Summary
herdctl consumers currently have to hand-enumerate the full built-in tool allowlist to get "a normal, fully-functional agent." There is no default/standard toolset primitive, and under the headless CLI runtime (claude -p) an incomplete allowed_tools is not just a skipped prompt — it is a silent denial of any prompt-requiring tool. Because Claude Code keeps adding built-in tools (e.g. Skill), any hand-typed allowlist silently drifts and breaks over time with no error.
This is a follow-on to #184 (which added the tools availability whitelist). #184 fixed the naming/availability confusion; this issue is about the headless denial semantics and the missing default-toolset primitive — neither of which #184 addresses.
Problem
1. No "standard/default toolset" primitive. There is no wildcard for built-ins, no preset, and no DEFAULT_TOOLS constant anywhere in packages/core/src (grep confirms). To run a normal agent a consumer must either enumerate every built-in by hand, or use bypassPermissions (which herdctl's own docs correctly say to reserve for Docker-isolated agents). Both are bad defaults.
2. Headless (-p) turns an incomplete allowed_tools into a silent denial, not a skipped prompt. The CLI runtime always spawns in print/headless mode and defaults to acceptEdits:
packages/core/src/runner/runtime/cli-runtime.ts:138 — const args: string[] = ["-p"];
packages/core/src/runner/runtime/cli-runtime.ts:141 — permission_mode defaults to acceptEdits
packages/core/src/runner/runtime/cli-runtime.ts:157-159 — allowed_tools is passed straight through to --allowedTools
There is no permission callback / canUseTool / permissionPromptTool wiring in core (grep for all three returns nothing).
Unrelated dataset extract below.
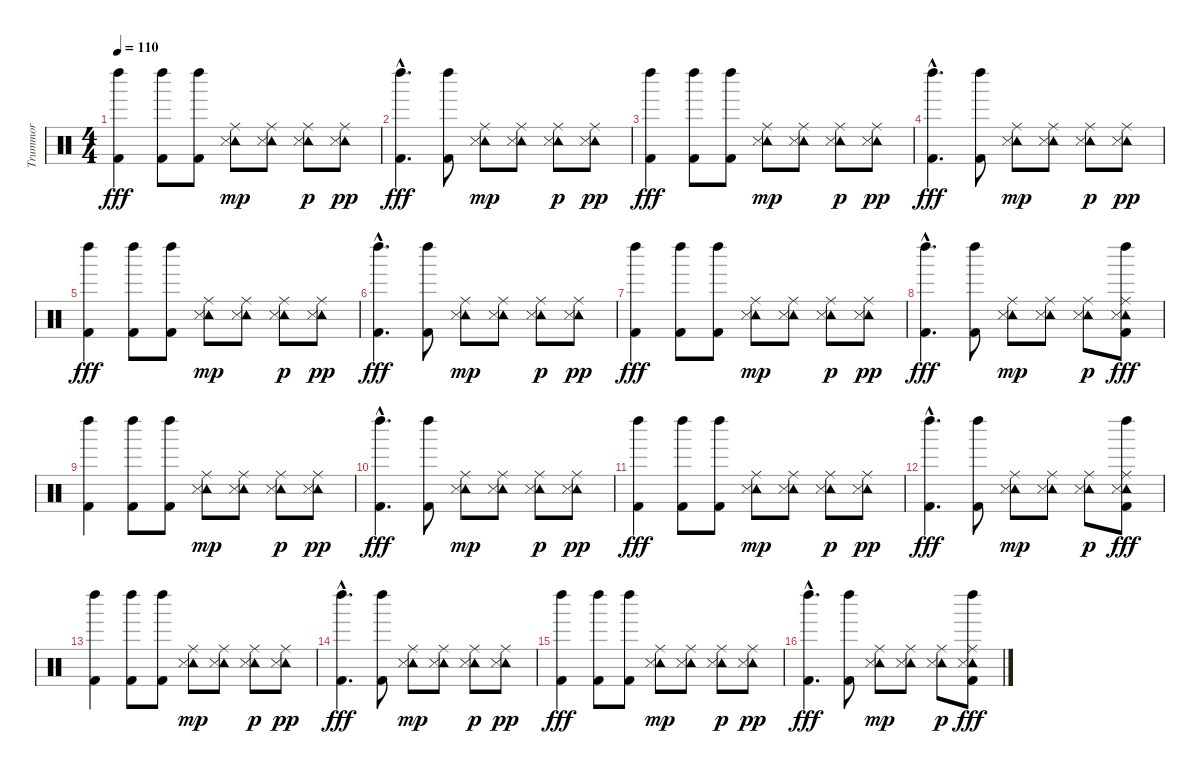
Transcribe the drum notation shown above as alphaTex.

So under -p, when the model calls a tool that requires approval and is not pre-approved via --allowedTools, there is no one to approve it and it is effectively denied. Under the default acceptEdits mode, only file ops (Read/Write/Edit) auto-approve — so Bash, Task, Skill, TodoWrite, etc. all require pre-approval or they die. This makes allowed_tools a de-facto availability gate for prompt-requiring tools in the headless runtime, which is the opposite of what the docs describe.
3. The docs describe the interactive model only. docs/src/content/docs/configuration/permissions.md:156-158 and :229-233 state that allowed_tools "only controls permission prompts, NOT tool availability." That is true interactively, but there is no warning anywhere that under the CLI/-p runtime an un-pre-approved prompt-requiring tool is effectively denied. A grep of the permissions/agent-config/runner docs for headless / print mode / -p / "effectively denied" returns nothing.
4. Empty-array vs unset is a sharp edge — for tools and allowed_tools. Both fields are gated on ?.length, so an empty array is indistinguishable from unset and the flag is simply not passed:
allowed_tools: cli-runtime.ts:157, sdk-adapter.ts:160
tools: cli-runtime.ts:167, sdk-adapter.ts:169
So allowed_tools: [] does not produce a tool-less agent — and neither does tools: [] (it is also swallowed by the guard, contrary to what you might expect from the tools whitelist). The only way to actually get tool-lessness today is a denied_tools blocklist; the shipped examples/hello-world/agents/hello-world.yaml proves this by pairing allowed_tools: [] with a full denied_tools list rather than relying on either empty array.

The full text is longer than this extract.